When the market bottomed out several years ago due to foreclosures, a lot of it had to with bad loans – no doc loans, adjustable rate mortgages, etc.
However a new study just came out that shows “math-challenged borrowers were five times more likely to default on their loans.”
This was a research project that Stephan Meier, an associate professor of business at Columbia Business School, authored along with economists from the Federal Reserve of Atlanta and the University of Lausanne.
A portion of this study was published on CNNMoney’s website. “Borrowers with poor math skills made up a higher percentage of homeowners in foreclosure during the housing bust than those who were skilled at arithmetic.”

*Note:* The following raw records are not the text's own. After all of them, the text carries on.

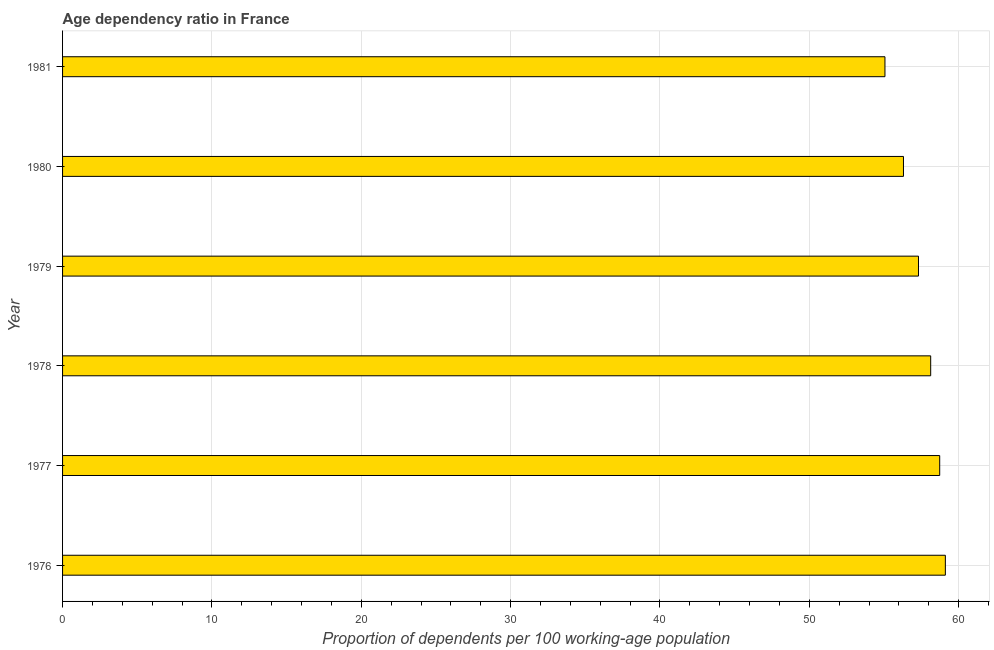Does the graph contain any zero values?
Your answer should be compact. No. Does the graph contain grids?
Make the answer very short. Yes. What is the title of the graph?
Provide a short and direct response. Age dependency ratio in France. What is the label or title of the X-axis?
Keep it short and to the point. Proportion of dependents per 100 working-age population. What is the label or title of the Y-axis?
Your answer should be very brief. Year. What is the age dependency ratio in 1978?
Your answer should be very brief. 58.13. Across all years, what is the maximum age dependency ratio?
Provide a short and direct response. 59.11. Across all years, what is the minimum age dependency ratio?
Your answer should be compact. 55.06. In which year was the age dependency ratio maximum?
Keep it short and to the point. 1976. What is the sum of the age dependency ratio?
Your response must be concise. 344.63. What is the difference between the age dependency ratio in 1976 and 1981?
Make the answer very short. 4.04. What is the average age dependency ratio per year?
Your answer should be compact. 57.44. What is the median age dependency ratio?
Make the answer very short. 57.72. In how many years, is the age dependency ratio greater than 20 ?
Your answer should be compact. 6. Do a majority of the years between 1978 and 1981 (inclusive) have age dependency ratio greater than 14 ?
Keep it short and to the point. Yes. What is the ratio of the age dependency ratio in 1980 to that in 1981?
Your response must be concise. 1.02. Is the age dependency ratio in 1978 less than that in 1980?
Give a very brief answer. No. What is the difference between the highest and the second highest age dependency ratio?
Provide a short and direct response. 0.38. Is the sum of the age dependency ratio in 1978 and 1979 greater than the maximum age dependency ratio across all years?
Offer a very short reply. Yes. What is the difference between the highest and the lowest age dependency ratio?
Provide a short and direct response. 4.04. In how many years, is the age dependency ratio greater than the average age dependency ratio taken over all years?
Your answer should be compact. 3. How many years are there in the graph?
Your response must be concise. 6. What is the difference between two consecutive major ticks on the X-axis?
Make the answer very short. 10. What is the Proportion of dependents per 100 working-age population in 1976?
Provide a succinct answer. 59.11. What is the Proportion of dependents per 100 working-age population of 1977?
Make the answer very short. 58.73. What is the Proportion of dependents per 100 working-age population of 1978?
Your answer should be compact. 58.13. What is the Proportion of dependents per 100 working-age population of 1979?
Your response must be concise. 57.31. What is the Proportion of dependents per 100 working-age population in 1980?
Offer a very short reply. 56.3. What is the Proportion of dependents per 100 working-age population of 1981?
Ensure brevity in your answer.  55.06. What is the difference between the Proportion of dependents per 100 working-age population in 1976 and 1977?
Make the answer very short. 0.38. What is the difference between the Proportion of dependents per 100 working-age population in 1976 and 1978?
Keep it short and to the point. 0.98. What is the difference between the Proportion of dependents per 100 working-age population in 1976 and 1979?
Give a very brief answer. 1.8. What is the difference between the Proportion of dependents per 100 working-age population in 1976 and 1980?
Your answer should be compact. 2.8. What is the difference between the Proportion of dependents per 100 working-age population in 1976 and 1981?
Keep it short and to the point. 4.04. What is the difference between the Proportion of dependents per 100 working-age population in 1977 and 1978?
Your answer should be compact. 0.6. What is the difference between the Proportion of dependents per 100 working-age population in 1977 and 1979?
Give a very brief answer. 1.42. What is the difference between the Proportion of dependents per 100 working-age population in 1977 and 1980?
Make the answer very short. 2.43. What is the difference between the Proportion of dependents per 100 working-age population in 1977 and 1981?
Offer a very short reply. 3.67. What is the difference between the Proportion of dependents per 100 working-age population in 1978 and 1979?
Offer a terse response. 0.82. What is the difference between the Proportion of dependents per 100 working-age population in 1978 and 1980?
Keep it short and to the point. 1.82. What is the difference between the Proportion of dependents per 100 working-age population in 1978 and 1981?
Your answer should be compact. 3.06. What is the difference between the Proportion of dependents per 100 working-age population in 1979 and 1980?
Give a very brief answer. 1.01. What is the difference between the Proportion of dependents per 100 working-age population in 1979 and 1981?
Your answer should be very brief. 2.25. What is the difference between the Proportion of dependents per 100 working-age population in 1980 and 1981?
Your answer should be compact. 1.24. What is the ratio of the Proportion of dependents per 100 working-age population in 1976 to that in 1977?
Offer a terse response. 1.01. What is the ratio of the Proportion of dependents per 100 working-age population in 1976 to that in 1979?
Offer a very short reply. 1.03. What is the ratio of the Proportion of dependents per 100 working-age population in 1976 to that in 1980?
Your response must be concise. 1.05. What is the ratio of the Proportion of dependents per 100 working-age population in 1976 to that in 1981?
Keep it short and to the point. 1.07. What is the ratio of the Proportion of dependents per 100 working-age population in 1977 to that in 1980?
Offer a very short reply. 1.04. What is the ratio of the Proportion of dependents per 100 working-age population in 1977 to that in 1981?
Make the answer very short. 1.07. What is the ratio of the Proportion of dependents per 100 working-age population in 1978 to that in 1979?
Provide a succinct answer. 1.01. What is the ratio of the Proportion of dependents per 100 working-age population in 1978 to that in 1980?
Provide a short and direct response. 1.03. What is the ratio of the Proportion of dependents per 100 working-age population in 1978 to that in 1981?
Offer a terse response. 1.06. What is the ratio of the Proportion of dependents per 100 working-age population in 1979 to that in 1980?
Offer a very short reply. 1.02. What is the ratio of the Proportion of dependents per 100 working-age population in 1979 to that in 1981?
Offer a very short reply. 1.04. 
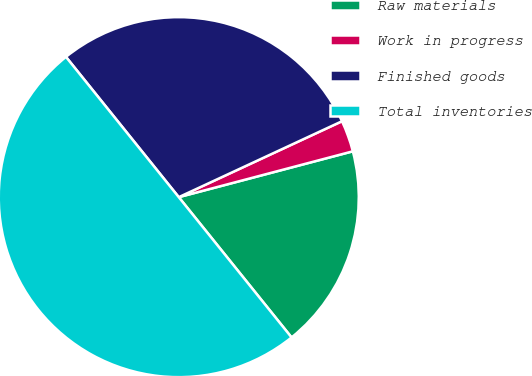<chart> <loc_0><loc_0><loc_500><loc_500><pie_chart><fcel>Raw materials<fcel>Work in progress<fcel>Finished goods<fcel>Total inventories<nl><fcel>18.32%<fcel>2.83%<fcel>28.85%<fcel>50.0%<nl></chart> 
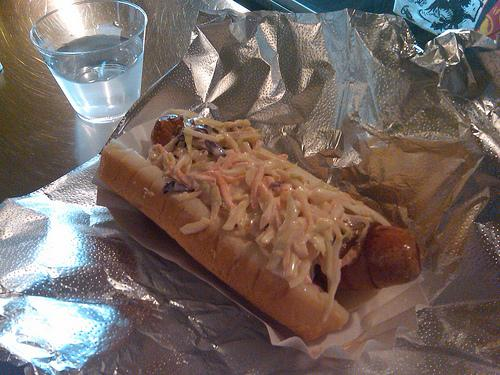Mention the main dish in the image and describe its appearance. The main dish is a hot dog on a bun, featuring cold slaw piled on top. Identify the main food element in the photo and the surface it's resting on. A hot dog on a bun is the main food element, and it's resting on silver foil. Find the two main objects in the image and explain their different states of fullness. A hot dog on a bun is topped with cold slaw, while a nearby cup is half full of water. Name two items in the image, and describe the material from which they are made. A hot dog bun made of bread and a plastic cup holding water are two items in the image. Identify what is covering the table in the photo, and describe its appearance. The table is covered in aluminum foil, which appears crumpled and shiny. Describe the beverage container in the image, its contents, and the material it is made out of. The beverage container is a small, clear plastic cup filled with water. List two objects in the image, their colors and their relationship to one another. A brown hot dog on a bun and a clear cup of water are close to each other on the table. What is on the surface of the table, and does it reflect any light? The table surface is covered in aluminum foil and reflects blue light. What is the primary food item in the image, and what is on top of it? The primary food item is a hot dog on a bun with cold slaw on top. Identify the main food item and the material it is resting on. The main food item is a hot dog on a bun, resting on a sheet of aluminum foil. 
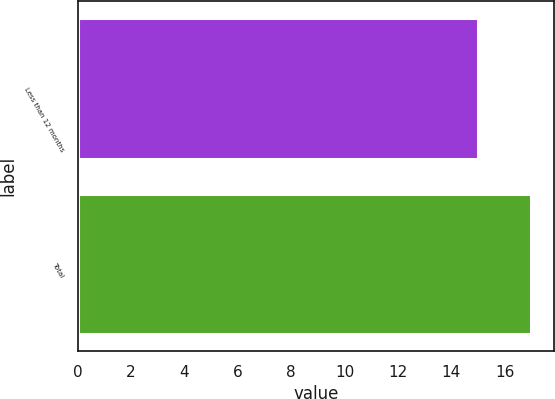<chart> <loc_0><loc_0><loc_500><loc_500><bar_chart><fcel>Less than 12 months<fcel>Total<nl><fcel>15<fcel>17<nl></chart> 
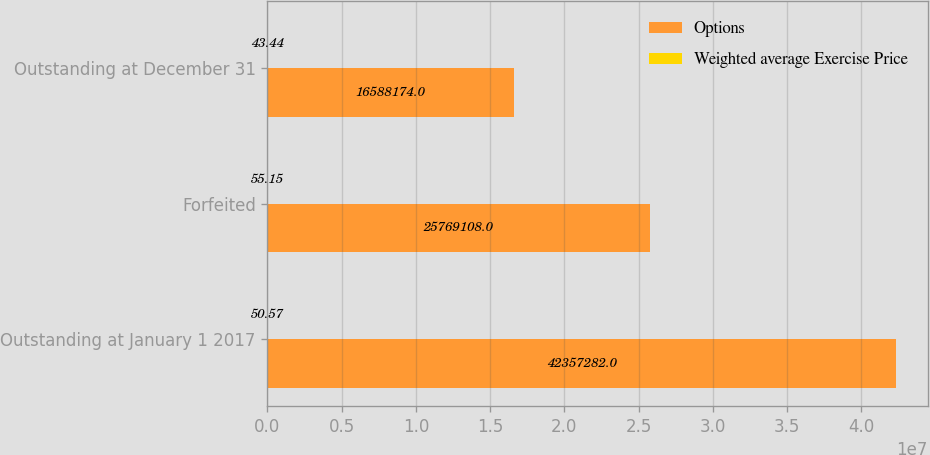Convert chart to OTSL. <chart><loc_0><loc_0><loc_500><loc_500><stacked_bar_chart><ecel><fcel>Outstanding at January 1 2017<fcel>Forfeited<fcel>Outstanding at December 31<nl><fcel>Options<fcel>4.23573e+07<fcel>2.57691e+07<fcel>1.65882e+07<nl><fcel>Weighted average Exercise Price<fcel>50.57<fcel>55.15<fcel>43.44<nl></chart> 
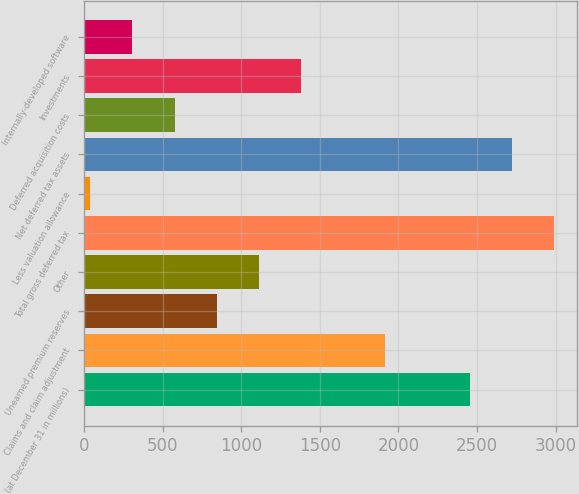Convert chart. <chart><loc_0><loc_0><loc_500><loc_500><bar_chart><fcel>(at December 31 in millions)<fcel>Claims and claim adjustment<fcel>Unearned premium reserves<fcel>Other<fcel>Total gross deferred tax<fcel>Less valuation allowance<fcel>Net deferred tax assets<fcel>Deferred acquisition costs<fcel>Investments<fcel>Internally-developed software<nl><fcel>2451.9<fcel>1916.5<fcel>845.7<fcel>1113.4<fcel>2987.3<fcel>36<fcel>2719.6<fcel>578<fcel>1381.1<fcel>303.7<nl></chart> 
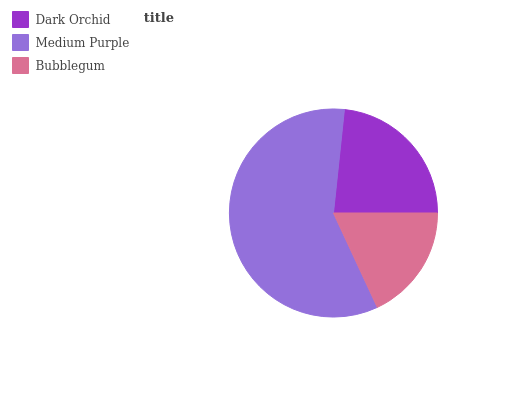Is Bubblegum the minimum?
Answer yes or no. Yes. Is Medium Purple the maximum?
Answer yes or no. Yes. Is Medium Purple the minimum?
Answer yes or no. No. Is Bubblegum the maximum?
Answer yes or no. No. Is Medium Purple greater than Bubblegum?
Answer yes or no. Yes. Is Bubblegum less than Medium Purple?
Answer yes or no. Yes. Is Bubblegum greater than Medium Purple?
Answer yes or no. No. Is Medium Purple less than Bubblegum?
Answer yes or no. No. Is Dark Orchid the high median?
Answer yes or no. Yes. Is Dark Orchid the low median?
Answer yes or no. Yes. Is Medium Purple the high median?
Answer yes or no. No. Is Medium Purple the low median?
Answer yes or no. No. 
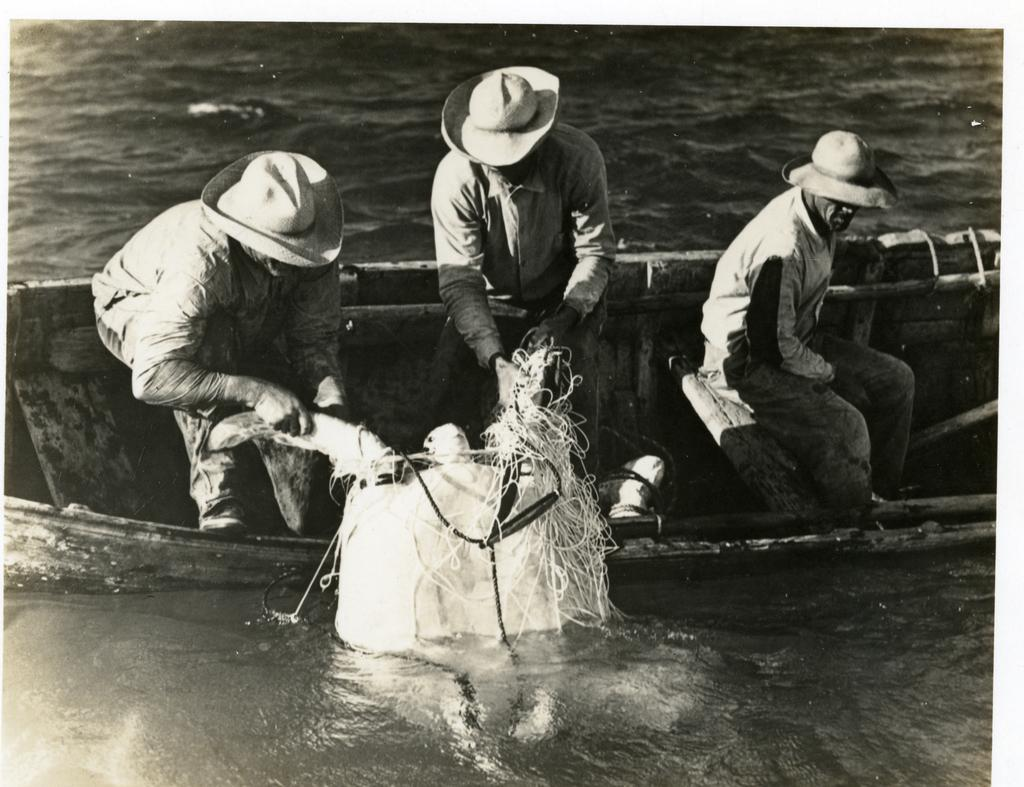What is the main subject of the image? The main subject of the image is a boat. Where is the boat located? The boat is on a lake. How many people are on the boat? There are three persons on the boat. What are the persons wearing? The persons are wearing hats. What are the two persons holding? The two persons are holding an object. What is the weight of the string used to tie the boat to the dock? There is no string or dock mentioned in the image, so it is not possible to determine the weight of a string. 
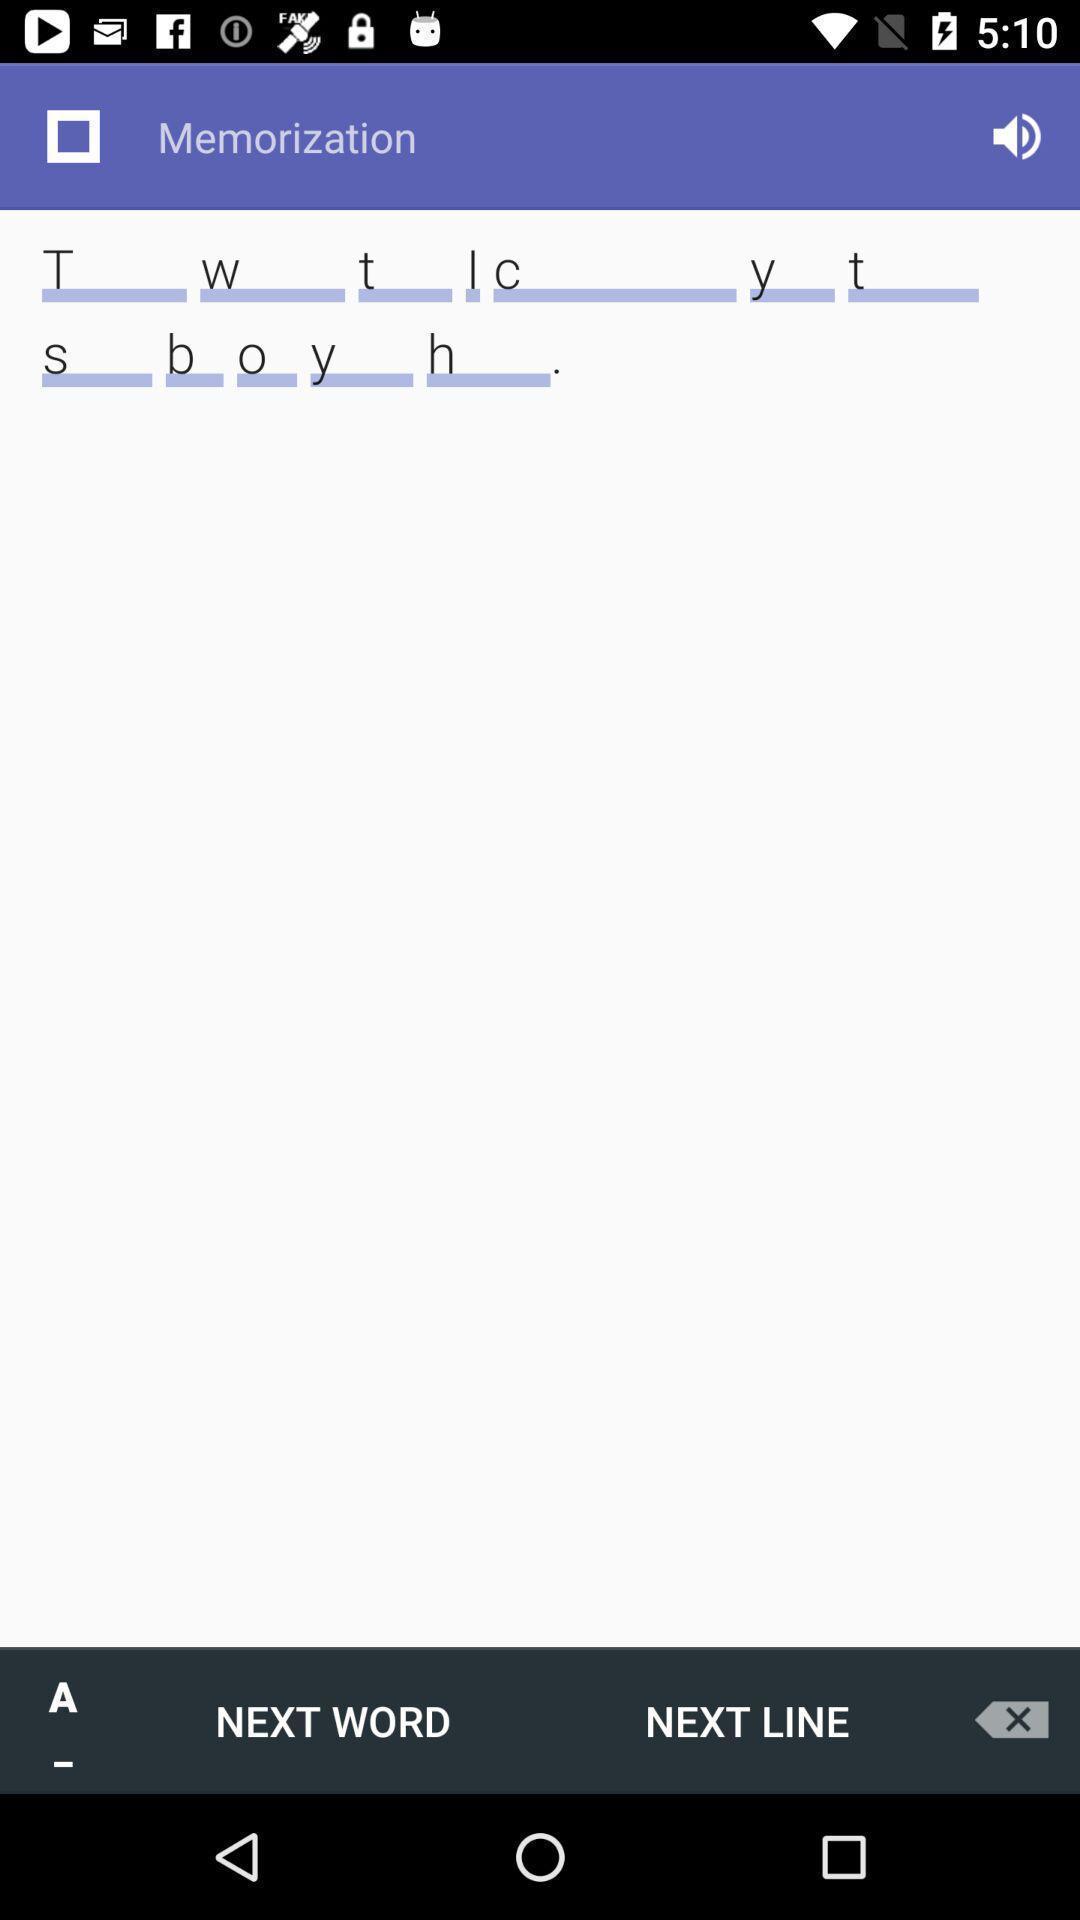Explain the elements present in this screenshot. Page displaying few options available in the app. 
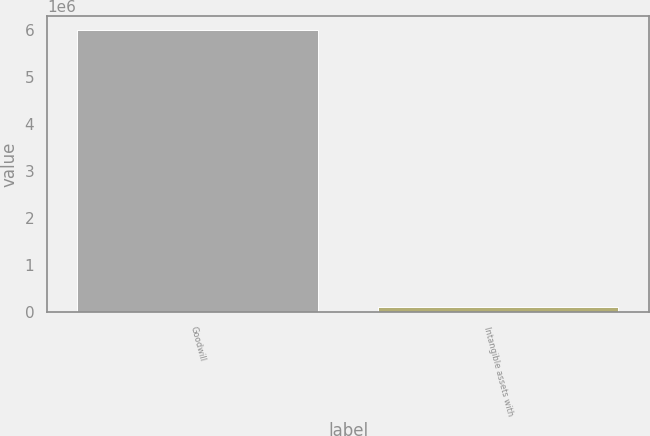<chart> <loc_0><loc_0><loc_500><loc_500><bar_chart><fcel>Goodwill<fcel>Intangible assets with<nl><fcel>6.00634e+06<fcel>103511<nl></chart>

“The study examined several hundred borrowers who held mortgages issued in 2006 and 2007 -- right before the mortgage meltdown. Of the study subjects, 25% of the borrowers who scored in the lowest bracket for math skills had defaulted on mortgage payments within five years of getting the loans. Meanwhile, only 5% of those in the top tier for math skills defaulted.”
“The survey sample included homebuyers from a variety of backgrounds, from blue collar workers to corporate professionals. Their math ability covered the gamut -- from those with very limited abilities to a mathematician with a six-figure salary, according to Kristopher Gerardi, an economist with the Federal Reserve of Atlanta.
The researchers controlled for differences in overall intelligence by measuring for verbal and general IQs, as well as math skills, and controlled for socioeconomic factors, such as age, sex, income, ethnicity and local labor market conditions.”
Well, this isn’t good news for me since I’ve struggled with math from high school through college.
However as I’ve invested I learned how to properly run the numbers on a property, do my due diligence
in order to come up with a calculated offer to submit.
So, as your investing, it has been and will always be wise to know your numbers!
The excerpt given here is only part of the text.